EXERCISE DESCRIPTION: Below is a listing. Quote from it, exactly, the lines from the one containing "Numbers: x, y, z, sx, sy, sz, roll, pitch, yaw." down to the one containing "#2 car (1741, 623, 1919, 698)", both ends included, and nothing else.

RECORD EXTRACTS:
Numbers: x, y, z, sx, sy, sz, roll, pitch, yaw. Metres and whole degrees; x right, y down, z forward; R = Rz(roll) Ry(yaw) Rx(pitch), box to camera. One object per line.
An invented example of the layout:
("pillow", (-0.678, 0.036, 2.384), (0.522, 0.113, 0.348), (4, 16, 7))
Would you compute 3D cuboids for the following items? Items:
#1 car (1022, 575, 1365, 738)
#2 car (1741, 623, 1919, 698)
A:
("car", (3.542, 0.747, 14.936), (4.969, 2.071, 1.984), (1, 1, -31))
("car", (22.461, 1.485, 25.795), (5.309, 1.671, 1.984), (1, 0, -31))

---

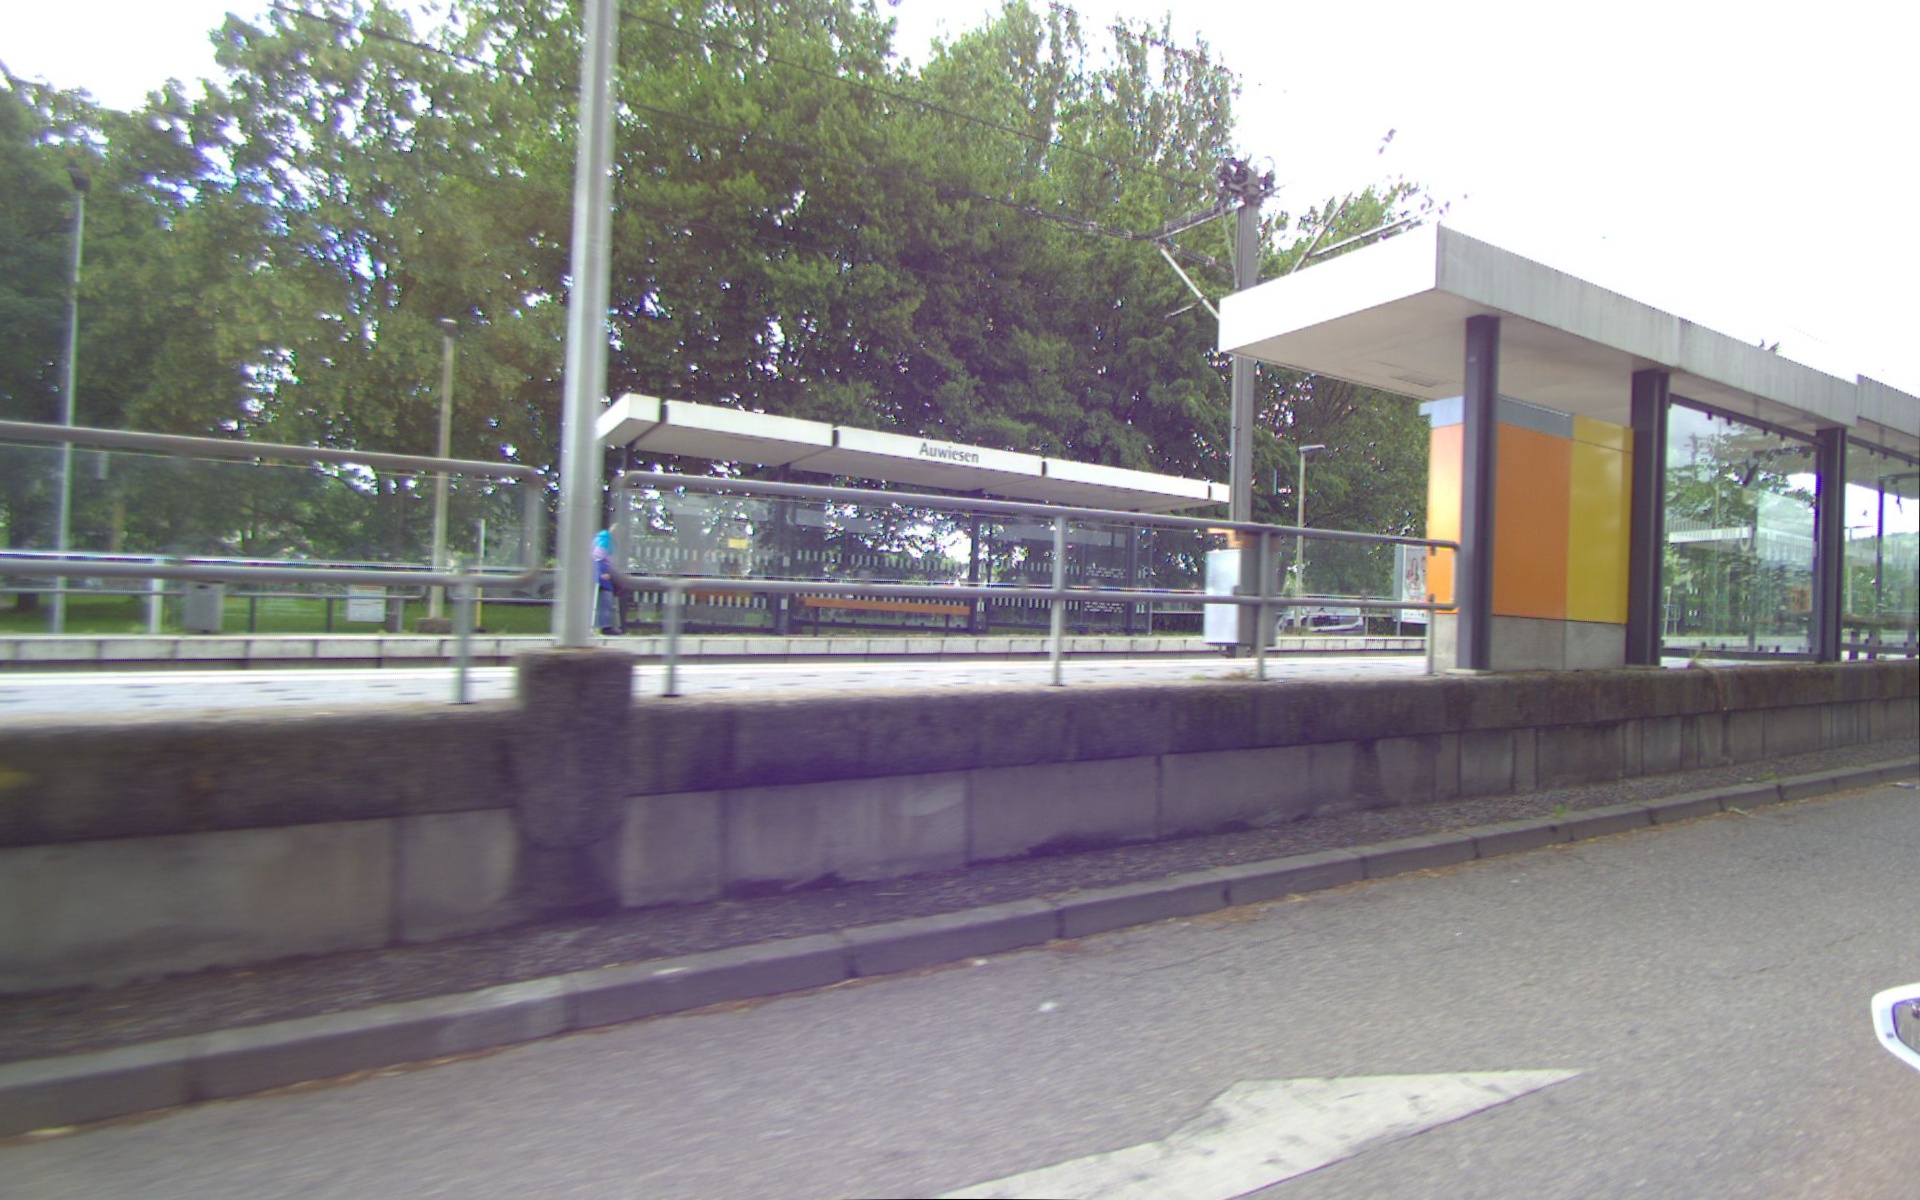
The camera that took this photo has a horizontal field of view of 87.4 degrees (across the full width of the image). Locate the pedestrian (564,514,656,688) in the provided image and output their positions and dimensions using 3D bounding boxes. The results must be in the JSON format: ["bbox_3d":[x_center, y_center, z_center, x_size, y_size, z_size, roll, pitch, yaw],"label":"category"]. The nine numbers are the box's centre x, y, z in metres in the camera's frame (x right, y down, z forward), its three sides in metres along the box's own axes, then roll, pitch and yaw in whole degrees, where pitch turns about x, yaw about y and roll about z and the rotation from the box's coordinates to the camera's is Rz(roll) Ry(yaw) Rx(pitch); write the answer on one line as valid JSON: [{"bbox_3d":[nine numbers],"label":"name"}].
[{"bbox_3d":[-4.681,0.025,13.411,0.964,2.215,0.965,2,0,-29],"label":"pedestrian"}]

* * *

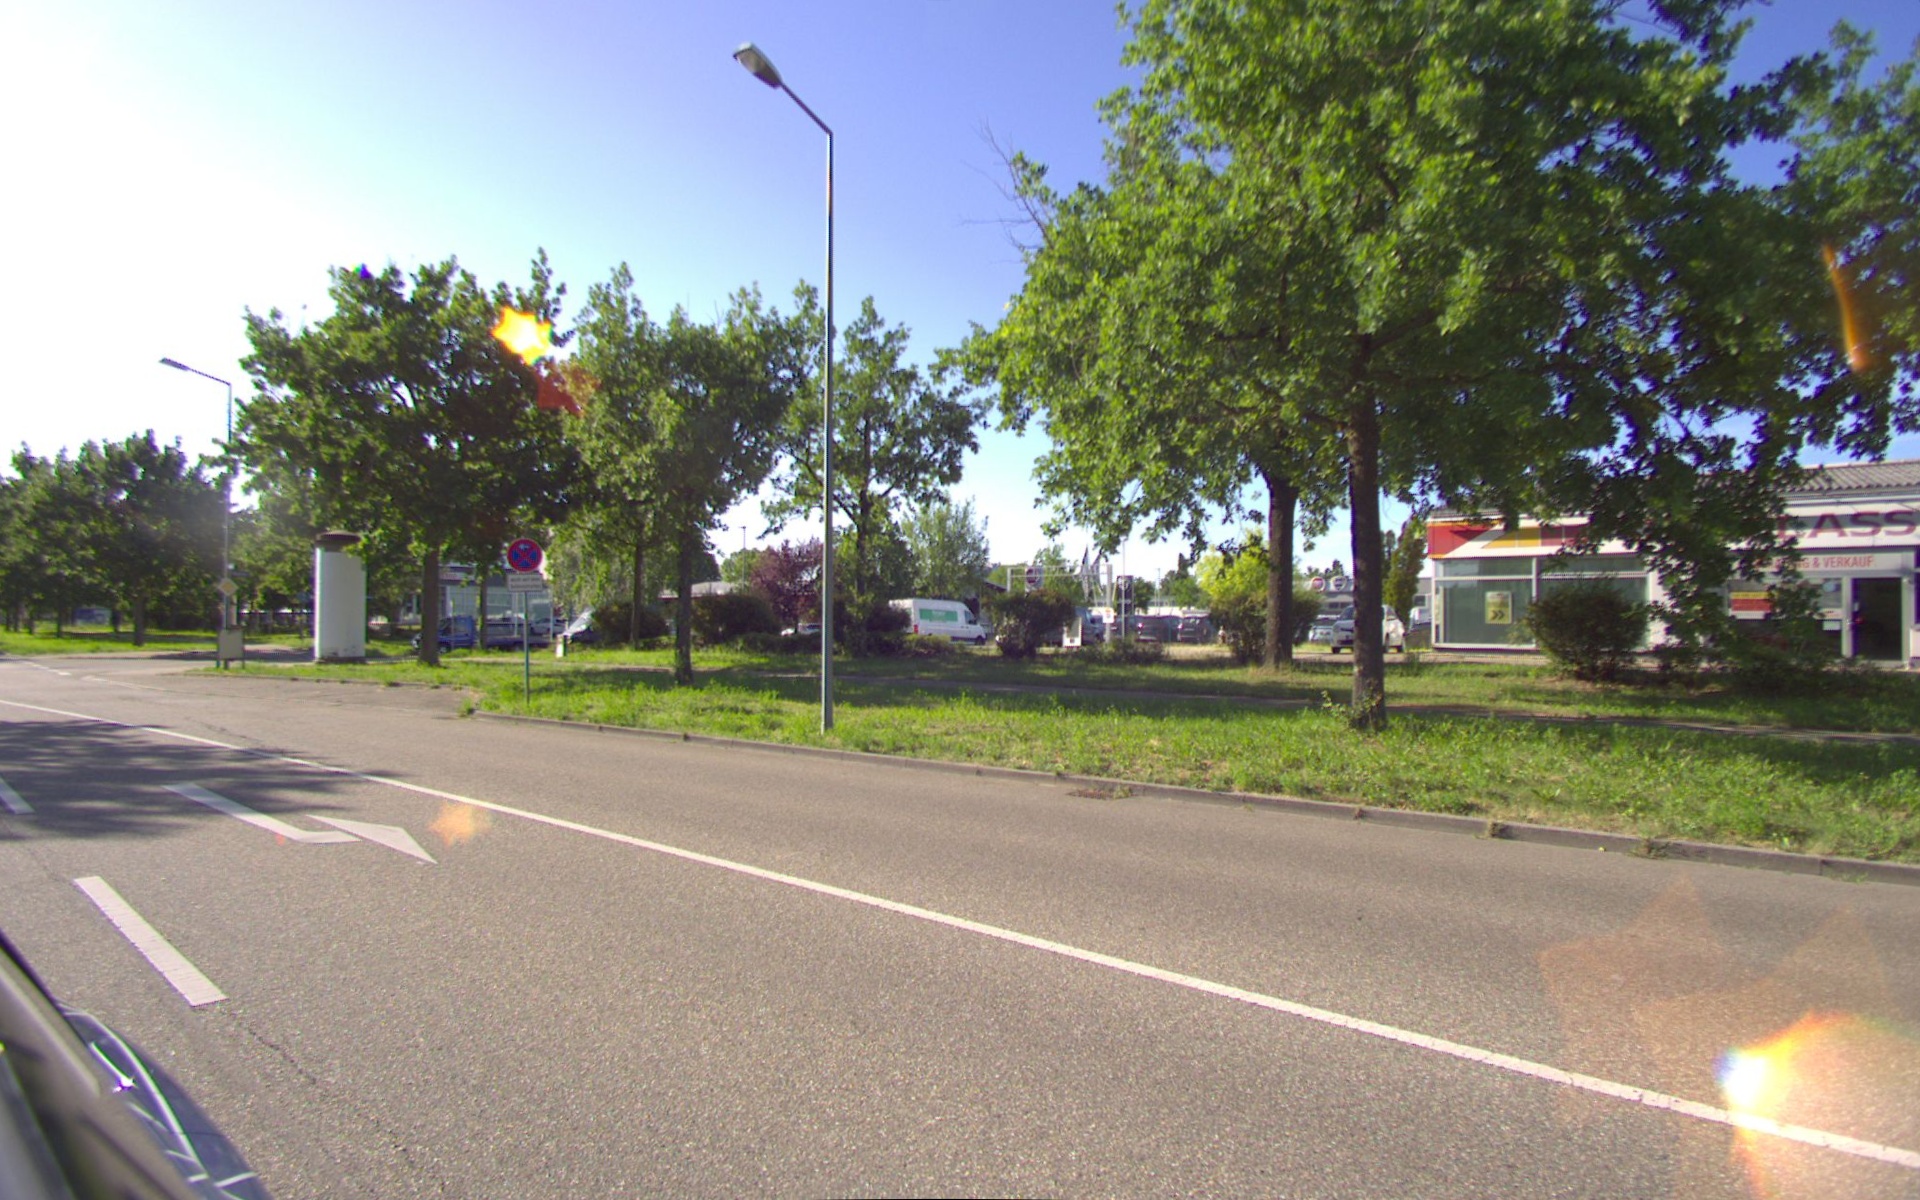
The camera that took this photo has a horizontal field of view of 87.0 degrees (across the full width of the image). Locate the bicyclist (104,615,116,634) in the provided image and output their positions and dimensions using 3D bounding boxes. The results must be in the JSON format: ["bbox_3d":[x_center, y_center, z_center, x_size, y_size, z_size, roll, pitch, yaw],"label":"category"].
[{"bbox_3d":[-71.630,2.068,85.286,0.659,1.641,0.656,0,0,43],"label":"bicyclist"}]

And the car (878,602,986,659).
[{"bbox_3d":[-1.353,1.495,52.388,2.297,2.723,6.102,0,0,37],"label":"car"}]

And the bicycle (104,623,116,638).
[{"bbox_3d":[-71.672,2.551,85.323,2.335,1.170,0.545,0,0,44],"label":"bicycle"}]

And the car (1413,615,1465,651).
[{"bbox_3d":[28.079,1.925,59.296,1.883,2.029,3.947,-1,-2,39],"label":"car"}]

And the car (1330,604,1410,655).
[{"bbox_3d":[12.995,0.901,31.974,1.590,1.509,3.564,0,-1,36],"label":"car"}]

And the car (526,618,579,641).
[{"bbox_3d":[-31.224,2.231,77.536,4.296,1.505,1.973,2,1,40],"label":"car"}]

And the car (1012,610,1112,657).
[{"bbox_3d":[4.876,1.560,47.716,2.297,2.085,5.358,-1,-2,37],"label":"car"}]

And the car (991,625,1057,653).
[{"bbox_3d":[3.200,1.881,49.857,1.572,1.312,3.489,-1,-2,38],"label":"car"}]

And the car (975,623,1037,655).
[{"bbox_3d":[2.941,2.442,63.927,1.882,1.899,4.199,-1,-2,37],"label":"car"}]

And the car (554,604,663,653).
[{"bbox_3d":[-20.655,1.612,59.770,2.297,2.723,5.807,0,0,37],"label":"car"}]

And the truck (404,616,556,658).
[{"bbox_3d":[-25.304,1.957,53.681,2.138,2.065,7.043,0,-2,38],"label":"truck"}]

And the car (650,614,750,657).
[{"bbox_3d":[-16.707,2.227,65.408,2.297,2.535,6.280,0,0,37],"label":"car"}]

TASK ANSWER:
Numbers: x, y, z, sx, sy, sz, roll, pitch, yaw. Metres and whole degrees; x right, y down, z forward; R = Rz(roll) Ry(yaw) Rx(pitch), box to camera. One object per line.
An invented example of the layout:
("pillow", (-0.678, 0.036, 2.384), (0.522, 0.113, 0.348), (4, 16, 7))
Would you compute 3D cuboids for the following items? Items:
#1 car (1022, 575, 1365, 738)
#2 car (1741, 623, 1919, 698)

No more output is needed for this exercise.